西日本新聞

安心して出産、サポート 西南女学院大が「助産別科」開設 養成機関 6年ぶり“誕生” 医療施設の協力不可欠

2008年6月23日 05:22 カテゴリー:九州・山口 > 福岡

 西南女学院大(小倉北区井堀1丁目)は本年度、助産師の育成を目指す1年課程の「助産別科」を開設した。女性が健康に、安心して出産できるようサポートする仕事だが、全国的に数は不足しているのが現状だ。北九州市では6年ぶりに“誕生”した助産師養成機関の取り組みを追った。 (北九州支社・古長寛人)

■細心の注意払い

 「失礼します」。ベッドの上に“妊婦”が横たわる。おなかの中に胎児もいる精巧な人形だ。学生たちの表情は真剣そのもの。人形とはいえ、妊婦に不快感を与えないよう細心の注意を払う。丁寧に声を掛け、膨らんだおなかを触る。

 助産師は妊婦の触診が認められ、正常分娩(ぶん べん)ならば1人で介助することもあり得る。助産別科の実習室は産婦人科医院と同じ機能を備え、妊婦の自宅での触診などを想定して畳6畳のスペースも用意してある。講師の上野恵子さんは「つめをきちんと切っているか、(触診する)手は冷たくないかなど、助産師のエチケットやマナーから指導する」と説明する。

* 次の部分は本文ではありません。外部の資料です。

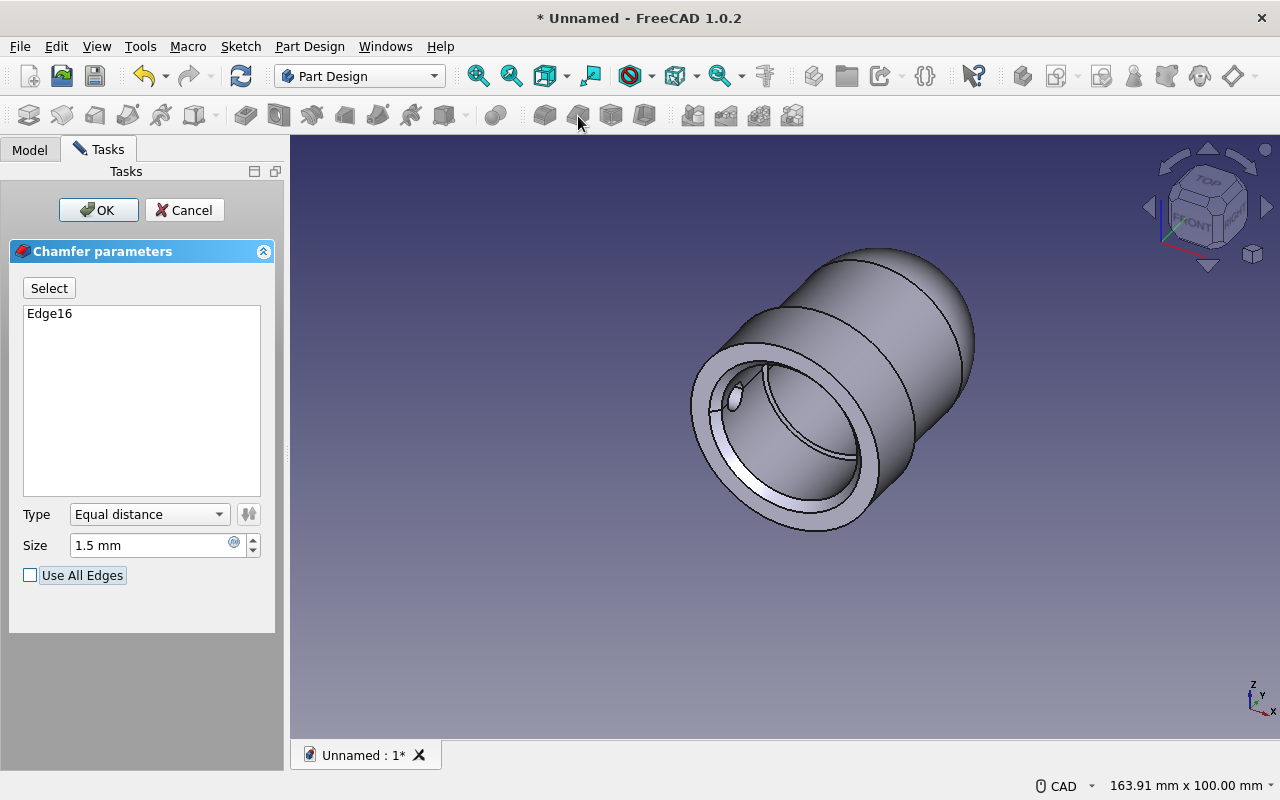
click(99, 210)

 助産別科で学ぶのは看護師資格を有する(取得見込み者を含む)20人の女性。受験者62人の中から約3倍の難関を突破した将来のエキスパートたちだ。助産学や生命倫理などを1年間学べば、助産師国家試験の受験資格が得られる。看護師の女性(30)は「同じ女性として妊婦の悩みを理解し、お産をしっかりサポートできる助産師になりたい」と話す。

■常勤0の施設も

 北九州市では2002年3月、国立小倉病院(当時)の助産師養成機関が30年近く続いた歴史に幕を閉じた。地域で助産師を育てる施設がなくなり、西南女学院大は同市や地元産婦人科医会の要望に応える形で助産別科の新設に踏み切った。

 別科長には、助産師になって半世紀以上のキャリアを誇る浅生慶子教授が就任。同教授によると、2006年度の北九州ブロックの産婦人科医会調査で、19人以下の患者が入院できる有床診療所(27施設)では、常勤の助産師ゼロが7施設、1人が7施設と全体の半数以上を占めた。「(助産師は)不足している」と答えたのは21施設に上った。

 厚生労働省などの調査では、全国の就業助産師は約2万6000人で6700人ほどが足りないと指摘されている。浅生教授は「福岡県内の助産師は1000人ほど。人口10万人に対する助産師の数はわずか20人しかいない」と助産師不足を嘆く。

■尻込みする現場

 助産師を養成する上で課題もある。

 同大の助産別科では、学生たちに医療機関での実習や最低10例程度の正常分娩介助を卒業要件として義務付けている。しかし、万一の事故発生の恐れや指導体制の不安から「受け入れを尻込みする医療施設は少なくない」(助産別科)という。

 浅生教授は「通常6割ほどが正常な出産で、助産師だけでも対応できる。産科医はハイリスクな出産に集中できるようになり、助産師が増えれば、産科医の負担は確実に減る」と説く。

 北九州・京築地区で6年ぶりに誕生した同大助産別科を育て、より多くの助産師を送り出すためにも、地域の医療機関の協力は不可欠だ。